InterSpeech 2021

Visual Speech for Obstructive Sleep Apnea Detection
(3 minutes introduction)

Catarina Botelho (INESC-ID Lisboa, Portugal), Alberto Abad (INESC-ID Lisboa, Portugal), Tanja Schultz (Universität Bremen, Germany), Isabel Trancoso (INESC-ID Lisboa, Portugal)
Obstructive sleep apnea (OSA) affects almost one billion people worldwide and limits peoples’ quality of life substantially. Furthermore, it is responsible for significant morbidity and mortality associated with hypertension, cardiovascular diseases, work and traffic accidents. Thus, the early detection of OSA can save lives. In our previous work we used speech as biomarker for automatic OSA detection.
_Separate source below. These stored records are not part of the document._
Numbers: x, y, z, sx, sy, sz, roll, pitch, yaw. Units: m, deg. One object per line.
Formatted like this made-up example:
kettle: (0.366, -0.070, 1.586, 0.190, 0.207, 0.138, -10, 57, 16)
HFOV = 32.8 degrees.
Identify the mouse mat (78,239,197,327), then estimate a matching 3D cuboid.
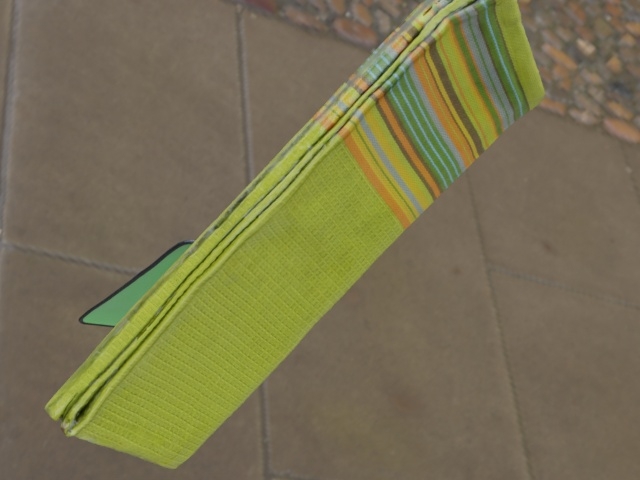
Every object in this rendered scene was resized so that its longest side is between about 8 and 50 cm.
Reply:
mouse mat: (-0.118, 0.048, 1.020, 0.152, 0.189, 0.007, 11, 59, -42)

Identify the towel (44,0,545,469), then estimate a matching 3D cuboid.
towel: (0.000, 0.000, 0.442, 0.021, 0.237, 0.102, 44, 0, 33)
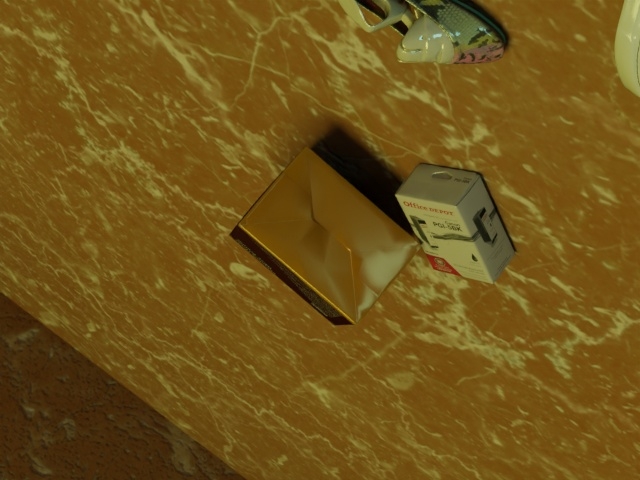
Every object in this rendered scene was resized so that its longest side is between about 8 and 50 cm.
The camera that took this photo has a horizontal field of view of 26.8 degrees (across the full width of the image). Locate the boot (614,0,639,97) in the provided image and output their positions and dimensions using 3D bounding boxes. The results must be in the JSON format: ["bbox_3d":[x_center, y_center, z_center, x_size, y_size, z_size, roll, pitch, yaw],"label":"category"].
[{"bbox_3d":[0.342,-0.186,1.099,0.176,0.088,0.244,26,148,21],"label":"boot"}]

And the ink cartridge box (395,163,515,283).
[{"bbox_3d":[0.162,-0.020,1.619,0.099,0.056,0.135,13,144,43],"label":"ink cartridge box"}]

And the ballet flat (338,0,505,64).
[{"bbox_3d":[0.080,-0.231,1.367,0.221,0.079,0.077,36,153,6],"label":"ballet flat"}]

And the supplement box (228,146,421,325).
[{"bbox_3d":[0.000,0.000,1.720,0.191,0.129,0.194,41,172,-3],"label":"supplement box"}]
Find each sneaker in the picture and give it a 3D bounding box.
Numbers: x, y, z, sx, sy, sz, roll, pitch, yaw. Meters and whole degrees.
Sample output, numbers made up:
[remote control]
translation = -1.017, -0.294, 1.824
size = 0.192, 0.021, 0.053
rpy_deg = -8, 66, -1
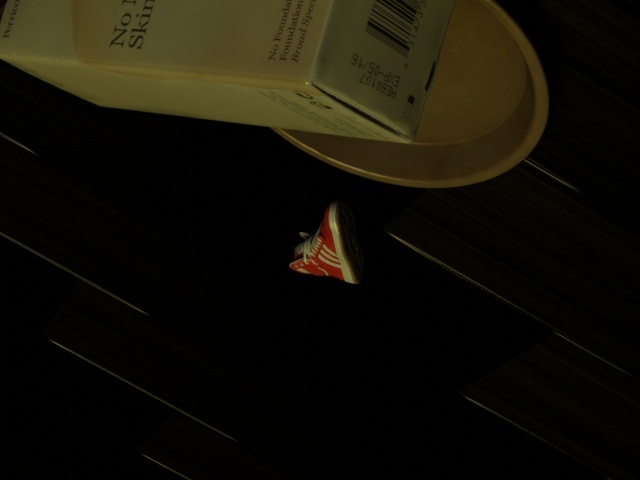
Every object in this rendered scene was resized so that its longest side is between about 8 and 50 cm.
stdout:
[sneaker]
translation = 0.000, 0.000, 1.349
size = 0.067, 0.042, 0.118
rpy_deg = 9, 148, 17

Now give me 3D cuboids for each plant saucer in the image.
[plant saucer]
translation = 0.045, -0.142, 1.107
size = 0.278, 0.041, 0.278
rpy_deg = 18, 148, 11

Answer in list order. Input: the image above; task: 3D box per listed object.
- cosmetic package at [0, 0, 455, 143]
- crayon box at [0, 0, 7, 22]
[cosmetic package]
translation = -0.065, -0.167, 0.951
size = 0.309, 0.160, 0.113
rpy_deg = 10, 171, 41
[crayon box]
translation = -0.294, -0.182, 1.008
size = 0.106, 0.313, 0.363
rpy_deg = 27, 148, -5
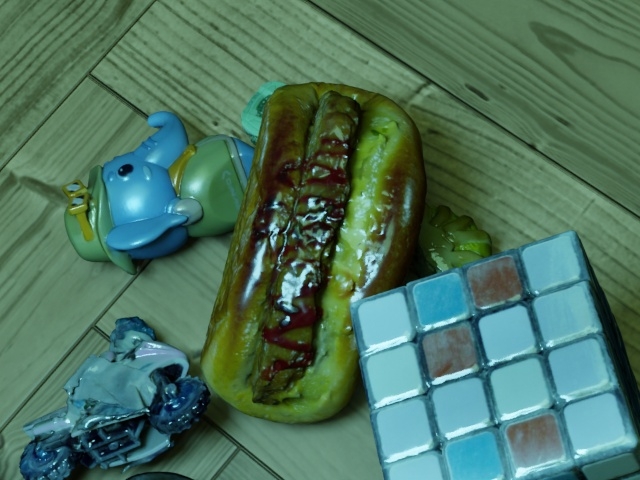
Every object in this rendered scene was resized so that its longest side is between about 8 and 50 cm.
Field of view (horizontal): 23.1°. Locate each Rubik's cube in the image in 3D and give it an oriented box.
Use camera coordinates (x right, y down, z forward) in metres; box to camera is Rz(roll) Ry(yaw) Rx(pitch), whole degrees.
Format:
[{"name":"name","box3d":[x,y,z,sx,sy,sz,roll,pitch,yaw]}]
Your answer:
[{"name":"Rubik's cube","box3d":[0.201,0.181,1.626,0.253,0.256,0.259,-19,58,11]}]

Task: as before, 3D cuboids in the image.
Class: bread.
[{"name":"bread","box3d":[0.155,0.015,1.828,0.094,0.083,0.157,-14,64,-9]}]

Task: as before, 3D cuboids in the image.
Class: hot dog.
[{"name":"hot dog","box3d":[-0.002,0.000,1.754,0.185,0.223,0.405,16,76,-10]}]

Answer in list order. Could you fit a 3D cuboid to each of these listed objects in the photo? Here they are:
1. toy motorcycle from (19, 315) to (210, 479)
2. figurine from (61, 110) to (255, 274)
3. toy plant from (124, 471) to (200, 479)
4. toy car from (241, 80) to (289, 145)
[{"name":"toy motorcycle","box3d":[-0.240,0.176,1.822,0.239,0.108,0.204,-12,43,4]},{"name":"figurine","box3d":[-0.188,-0.058,1.902,0.262,0.154,0.180,-28,55,-20]},{"name":"toy plant","box3d":[-0.194,0.364,1.690,0.218,0.235,0.175,25,35,11]},{"name":"toy car","box3d":[-0.012,-0.135,1.930,0.186,0.058,0.093,31,75,22]}]
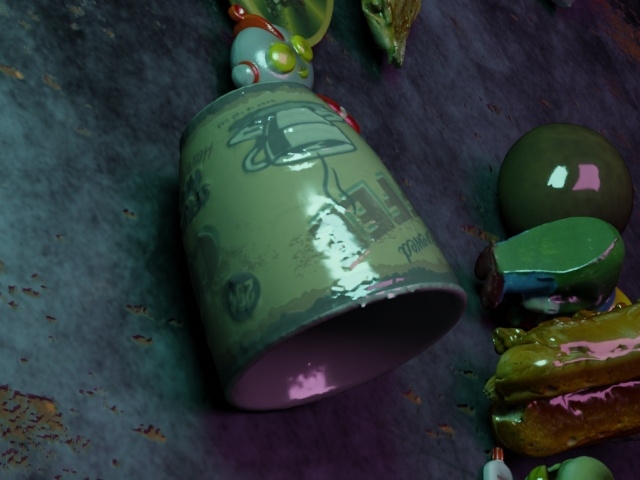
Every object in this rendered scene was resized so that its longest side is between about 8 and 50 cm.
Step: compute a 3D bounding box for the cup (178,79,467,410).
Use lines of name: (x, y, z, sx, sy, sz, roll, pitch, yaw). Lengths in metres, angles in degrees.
cup: (0.000, 0.000, 1.256, 0.301, 0.227, 0.257, 27, 38, -61)

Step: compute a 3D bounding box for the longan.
longan: (0.308, -0.047, 1.690, 0.185, 0.159, 0.204, -20, 90, -46)

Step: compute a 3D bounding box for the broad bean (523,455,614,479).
broad bean: (0.283, 0.335, 1.425, 0.228, 0.100, 0.169, 53, 42, -9)

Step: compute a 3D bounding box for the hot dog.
hot dog: (0.335, 0.139, 1.514, 0.349, 0.158, 0.117, -12, 29, -20)

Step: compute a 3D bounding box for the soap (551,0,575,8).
soap: (0.320, -0.535, 2.097, 0.325, 0.127, 0.220, 42, 37, -19)

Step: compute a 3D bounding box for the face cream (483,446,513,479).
face cream: (0.188, 0.257, 1.432, 0.040, 0.021, 0.083, 35, 42, -29)

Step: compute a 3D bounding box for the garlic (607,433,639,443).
garlic: (0.346, 0.202, 1.607, 0.094, 0.113, 0.074, 19, 93, -21)

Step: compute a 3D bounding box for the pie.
pie: (0.087, -0.329, 1.705, 0.282, 0.068, 0.128, -82, 152, -50)

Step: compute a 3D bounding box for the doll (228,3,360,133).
doll: (-0.027, -0.147, 1.440, 0.142, 0.076, 0.245, -33, 95, -54)

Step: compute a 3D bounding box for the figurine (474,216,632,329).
figurine: (0.281, 0.082, 1.606, 0.234, 0.185, 0.127, 75, -3, -54)

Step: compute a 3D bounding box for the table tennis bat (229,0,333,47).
table tennis bat: (-0.029, -0.334, 1.573, 0.321, 0.050, 0.198, -48, 119, -51)
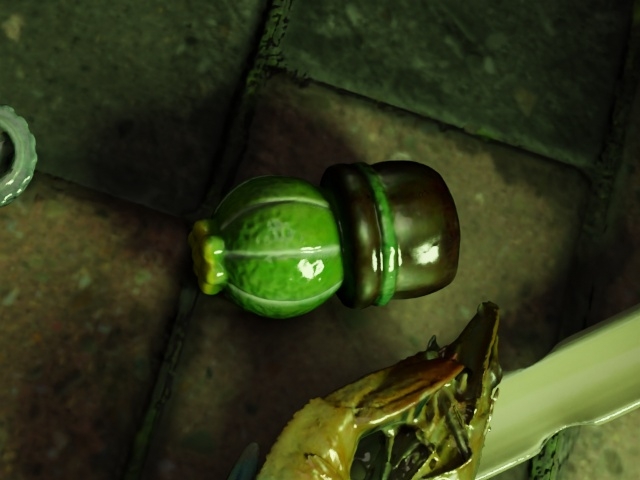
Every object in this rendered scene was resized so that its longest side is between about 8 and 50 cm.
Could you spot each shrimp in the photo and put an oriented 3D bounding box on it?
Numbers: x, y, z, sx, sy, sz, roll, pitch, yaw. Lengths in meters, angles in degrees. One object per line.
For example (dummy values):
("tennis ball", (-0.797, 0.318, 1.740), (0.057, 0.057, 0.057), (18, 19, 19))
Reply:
("shrimp", (0.037, 0.135, 1.022), (0.145, 0.061, 0.267), (46, 63, -20))

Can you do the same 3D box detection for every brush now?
("brush", (0.155, 0.096, 1.121), (0.321, 0.050, 0.060), (-23, 78, -12))

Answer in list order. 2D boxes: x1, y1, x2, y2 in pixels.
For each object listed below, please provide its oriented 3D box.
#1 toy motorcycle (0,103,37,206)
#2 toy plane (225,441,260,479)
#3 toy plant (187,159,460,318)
("toy motorcycle", (-0.284, -0.091, 1.074), (0.130, 0.094, 0.229), (-44, 96, -19))
("toy plane", (-0.096, 0.263, 0.967), (0.223, 0.104, 0.326), (23, 62, -4))
("toy plant", (0.000, 0.000, 1.095), (0.162, 0.093, 0.093), (-6, 71, -15))
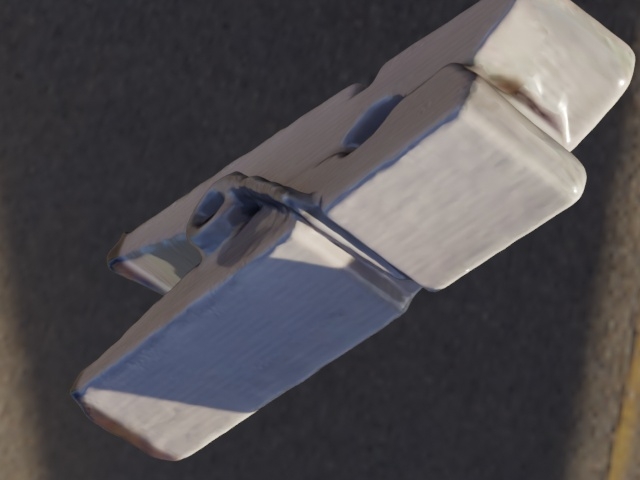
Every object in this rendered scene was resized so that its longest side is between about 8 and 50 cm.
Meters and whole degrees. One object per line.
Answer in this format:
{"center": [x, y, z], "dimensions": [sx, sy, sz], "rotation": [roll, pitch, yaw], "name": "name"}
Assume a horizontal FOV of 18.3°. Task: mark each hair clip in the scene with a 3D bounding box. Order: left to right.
{"center": [-0.003, -0.003, 0.852], "dimensions": [0.085, 0.101, 0.331], "rotation": [37, 144, -13], "name": "hair clip"}
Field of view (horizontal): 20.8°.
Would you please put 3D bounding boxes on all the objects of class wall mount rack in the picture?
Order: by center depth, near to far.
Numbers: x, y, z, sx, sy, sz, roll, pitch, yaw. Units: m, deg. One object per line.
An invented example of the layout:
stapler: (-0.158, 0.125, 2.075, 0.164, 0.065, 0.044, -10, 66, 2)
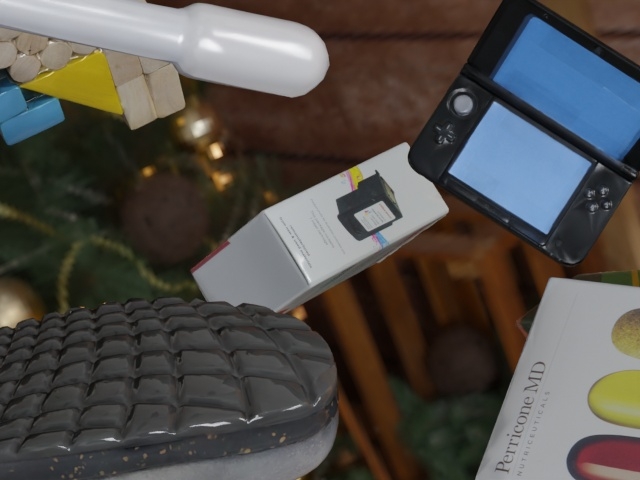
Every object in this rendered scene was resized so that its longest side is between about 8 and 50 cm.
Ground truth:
wall mount rack: (-0.169, -0.122, 0.442, 0.304, 0.130, 0.350, -13, 58, 9)

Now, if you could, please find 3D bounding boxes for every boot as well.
boot: (-0.133, 0.162, 0.701, 0.338, 0.222, 0.118, -14, 22, 7)

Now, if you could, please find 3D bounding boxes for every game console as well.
game console: (0.128, -0.062, 1.003, 0.107, 0.122, 0.071, -56, -4, -10)

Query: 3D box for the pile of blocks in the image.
pile of blocks: (-0.248, -0.149, 1.075, 0.149, 0.362, 0.112, -52, 47, 16)

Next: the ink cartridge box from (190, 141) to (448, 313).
ink cartridge box: (0.000, 0.000, 1.436, 0.175, 0.072, 0.127, -28, -6, -41)

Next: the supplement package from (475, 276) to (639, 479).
supplement package: (0.232, 0.120, 0.943, 0.244, 0.134, 0.139, 6, 61, 33)

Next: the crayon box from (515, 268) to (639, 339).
crayon box: (0.280, 0.119, 1.299, 0.081, 0.202, 0.318, -35, 5, -14)
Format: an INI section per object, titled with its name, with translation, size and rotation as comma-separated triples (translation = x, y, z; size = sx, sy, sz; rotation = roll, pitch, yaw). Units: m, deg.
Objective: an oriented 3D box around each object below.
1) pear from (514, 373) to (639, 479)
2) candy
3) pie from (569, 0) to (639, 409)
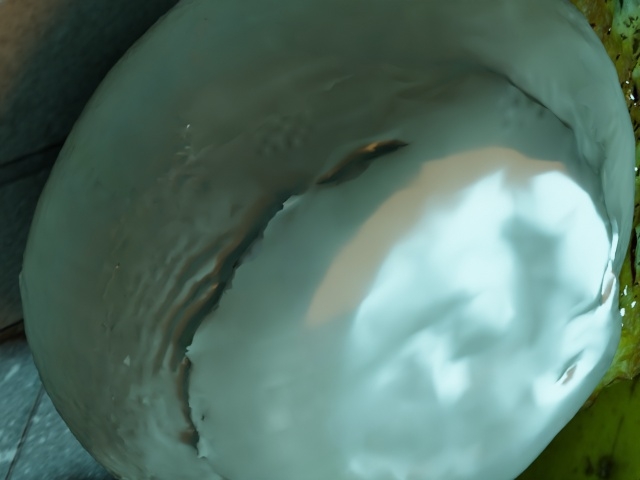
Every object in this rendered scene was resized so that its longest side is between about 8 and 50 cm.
[pear]
translation = 0.235, 0.240, 1.196
size = 0.418, 0.362, 0.362
rotation = -39, 156, -36
[candy]
translation = 0.000, 0.000, 0.610
size = 0.295, 0.185, 0.296
rotation = -10, 124, -15
[pie]
translation = 0.158, -0.053, 0.827
size = 0.288, 0.103, 0.355
rotation = -45, 137, -29
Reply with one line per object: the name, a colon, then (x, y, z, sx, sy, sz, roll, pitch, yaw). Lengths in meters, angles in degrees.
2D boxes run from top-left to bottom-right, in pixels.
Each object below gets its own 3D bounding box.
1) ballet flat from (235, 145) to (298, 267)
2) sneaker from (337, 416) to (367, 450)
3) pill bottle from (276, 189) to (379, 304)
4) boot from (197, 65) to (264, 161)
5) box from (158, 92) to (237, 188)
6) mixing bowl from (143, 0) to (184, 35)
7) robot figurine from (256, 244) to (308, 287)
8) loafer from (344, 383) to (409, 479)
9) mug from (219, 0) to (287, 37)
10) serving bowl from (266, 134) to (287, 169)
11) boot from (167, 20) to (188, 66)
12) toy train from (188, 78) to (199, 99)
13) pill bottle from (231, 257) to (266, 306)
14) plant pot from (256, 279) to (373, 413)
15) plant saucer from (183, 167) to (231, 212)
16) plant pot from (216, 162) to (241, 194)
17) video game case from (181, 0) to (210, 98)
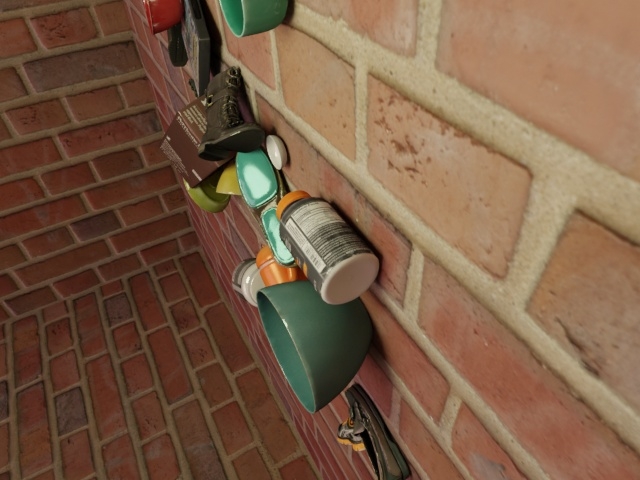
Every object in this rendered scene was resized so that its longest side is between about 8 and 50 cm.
ballet flat: (-0.123, -0.089, 1.188, 0.349, 0.123, 0.123, 66, 161, 9)
sneaker: (0.103, 0.557, 1.342, 0.215, 0.084, 0.083, 142, 117, -67)
pill bottle: (0.000, 0.000, 0.908, 0.246, 0.130, 0.131, 52, 156, 39)
boot: (-0.231, -0.334, 1.147, 0.262, 0.091, 0.229, -5, 76, 43)
box: (-0.375, -0.302, 1.436, 0.191, 0.143, 0.381, 54, 154, -13)
mixing bowl: (-0.440, -0.674, 1.268, 0.181, 0.098, 0.182, 167, 90, -71)
robot figurine: (-0.103, 0.095, 1.294, 0.220, 0.128, 0.158, 63, -172, 9)
loafer: (0.128, 0.510, 1.194, 0.268, 0.084, 0.096, 55, 158, 31)
mug: (-0.118, -0.442, 0.784, 0.158, 0.097, 0.129, 69, 161, -1)
serving bowl: (-0.101, -0.215, 1.093, 0.083, 0.027, 0.083, 53, 156, 35)
boot: (-0.495, -0.713, 1.548, 0.137, 0.076, 0.198, 59, 146, 36)
toy train: (-0.392, -0.462, 1.478, 0.158, 0.027, 0.036, 61, 169, 16)
pill bottle: (-0.202, 0.145, 1.558, 0.283, 0.161, 0.162, 3, 114, 69)
plant pot: (0.002, 0.207, 1.027, 0.290, 0.195, 0.290, 52, 156, 35)
plant saucer: (-0.410, -0.223, 1.699, 0.037, 0.241, 0.241, -17, 98, 29)
plant pot: (-0.251, -0.189, 1.400, 0.134, 0.134, 0.096, -161, 75, -65)
video game case: (-0.364, -0.590, 1.312, 0.275, 0.035, 0.249, 130, 125, -68)
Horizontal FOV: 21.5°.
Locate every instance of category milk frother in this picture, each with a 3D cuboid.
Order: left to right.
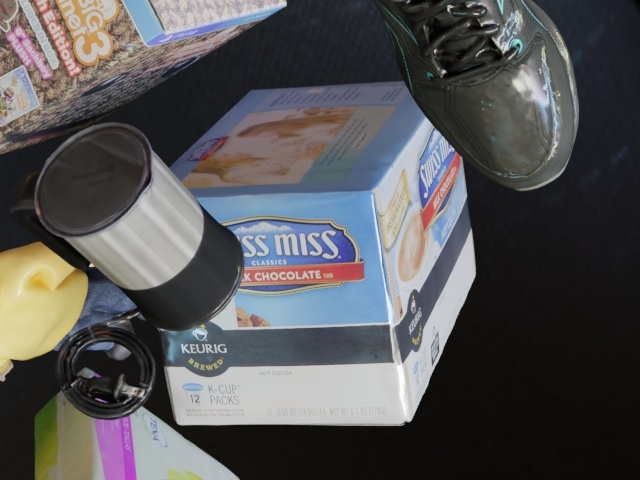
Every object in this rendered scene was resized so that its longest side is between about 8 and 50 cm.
[{"bbox_3d":[-0.134,0.024,1.082,0.129,0.135,0.143,-14,56,20],"label":"milk frother"}]

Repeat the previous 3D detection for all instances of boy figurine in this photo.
[{"bbox_3d":[-0.295,0.066,1.658,0.092,0.285,0.177,48,117,35],"label":"boy figurine"}]

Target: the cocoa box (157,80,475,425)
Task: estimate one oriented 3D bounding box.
[{"bbox_3d":[0.000,0.000,1.621,0.231,0.228,0.347,-2,21,17],"label":"cocoa box"}]

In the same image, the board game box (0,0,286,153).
[{"bbox_3d":[-0.224,-0.216,1.677,0.291,0.232,0.141,-27,90,32],"label":"board game box"}]

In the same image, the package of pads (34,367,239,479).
[{"bbox_3d":[-0.170,0.274,1.672,0.101,0.229,0.296,-46,22,11],"label":"package of pads"}]

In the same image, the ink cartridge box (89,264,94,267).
[{"bbox_3d":[-0.259,-0.005,2.134,0.104,0.181,0.061,-24,23,-5],"label":"ink cartridge box"}]

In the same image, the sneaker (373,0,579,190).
[{"bbox_3d":[0.064,-0.143,0.979,0.101,0.267,0.106,-25,9,21],"label":"sneaker"}]
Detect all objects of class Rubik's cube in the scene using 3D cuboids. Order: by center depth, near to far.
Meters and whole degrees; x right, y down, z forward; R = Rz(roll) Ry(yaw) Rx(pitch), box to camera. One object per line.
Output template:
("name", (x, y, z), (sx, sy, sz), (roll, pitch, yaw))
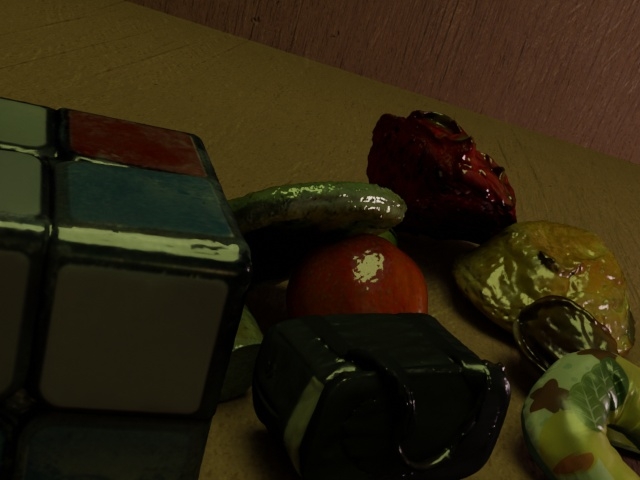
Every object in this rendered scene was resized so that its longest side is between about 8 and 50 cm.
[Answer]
("Rubik's cube", (-0.264, 0.064, 0.771), (0.316, 0.318, 0.313), (9, 22, -21))

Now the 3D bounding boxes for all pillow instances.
("pillow", (0.363, 0.240, 1.064), (0.233, 0.086, 0.214), (-24, 62, -38))

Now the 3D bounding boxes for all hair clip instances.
("hair clip", (0.367, 0.258, 1.136), (0.189, 0.033, 0.060), (15, 23, -4))

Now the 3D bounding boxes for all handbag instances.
("handbag", (0.064, 0.180, 0.917), (0.255, 0.181, 0.181), (3, 19, -28))

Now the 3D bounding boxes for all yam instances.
("yam", (-0.132, 0.111, 1.031), (0.107, 0.107, 0.194), (3, 27, -30))

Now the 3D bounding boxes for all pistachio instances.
("pistachio", (0.367, 0.168, 1.224), (0.165, 0.130, 0.210), (-6, 49, -34))

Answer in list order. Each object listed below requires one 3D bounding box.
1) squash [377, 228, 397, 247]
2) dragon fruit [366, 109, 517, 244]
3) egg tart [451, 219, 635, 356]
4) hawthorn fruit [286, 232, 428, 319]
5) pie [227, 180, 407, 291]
("squash", (0.000, 0.000, 1.400), (0.341, 0.094, 0.094), (-4, 30, -40))
("dragon fruit", (0.266, -0.135, 1.548), (0.286, 0.227, 0.329), (12, -17, -15))
("egg tart", (0.398, 0.072, 1.445), (0.352, 0.153, 0.339), (11, 26, -12))
("hawthorn fruit", (0.051, 0.107, 1.107), (0.197, 0.196, 0.225), (6, 55, -25))
("pie", (-0.044, -0.007, 1.149), (0.323, 0.323, 0.070), (-3, 71, -39))

More recently, we leveraged the fact that OSA patients have anatomical and functional abnormalities of the upper airway and an altered craniofacial morphology, and therefore explore information from facial images for OSA detection. In this work, we propose to combine speech and facial image information to detect OSA from YouTube vlogs. This in-the-wild data poses an inexpensive alternative to standard data collected for medical applications, which is often scarce, imbalanced and costly to acquire. Besides speech and facial images, we propose to include visual speech as a third modality, inspired by the emerging field of silent computational paralinguistics. We hypothesize that embeddings trained from lip reading integrate information on the craniofacial structure, on speech articulation and breathing patterns, thus containing relevant cues for OSA detection. Fusion of the three modalities achieves an accuracy of 82.5% at the speaker level.